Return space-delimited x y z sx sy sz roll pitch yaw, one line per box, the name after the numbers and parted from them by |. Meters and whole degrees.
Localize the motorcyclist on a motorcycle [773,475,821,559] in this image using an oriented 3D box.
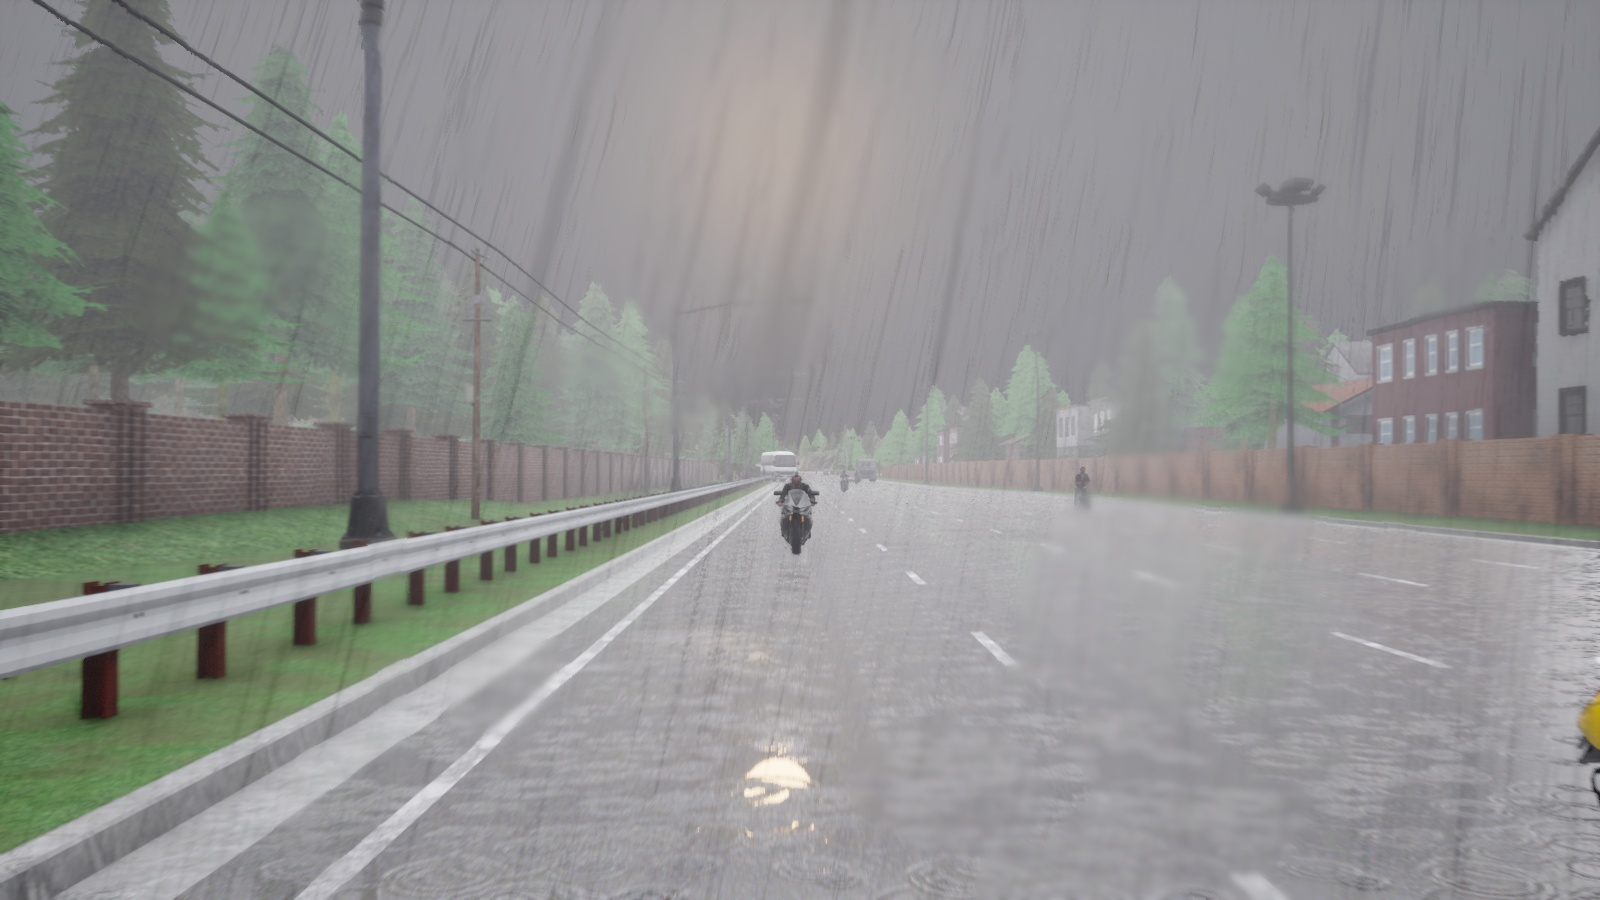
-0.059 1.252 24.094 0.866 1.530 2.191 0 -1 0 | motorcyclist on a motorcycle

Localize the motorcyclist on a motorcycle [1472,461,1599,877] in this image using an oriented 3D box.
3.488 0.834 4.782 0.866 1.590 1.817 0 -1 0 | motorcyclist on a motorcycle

# # #

__What you should do__
Please reproduce the material above word for word, without its images.

__Reply__
Return space-delimited x y z sx sy sz roll pitch yaw, one line per box, the name after the numbers and parted from them by |. Meters and whole degrees.
Localize the motorcyclist on a motorcycle [773,475,821,559] in this image using an oriented 3D box.
-0.059 1.252 24.094 0.866 1.530 2.191 0 -1 0 | motorcyclist on a motorcycle

Localize the motorcyclist on a motorcycle [1472,461,1599,877] in this image using an oriented 3D box.
3.488 0.834 4.782 0.866 1.590 1.817 0 -1 0 | motorcyclist on a motorcycle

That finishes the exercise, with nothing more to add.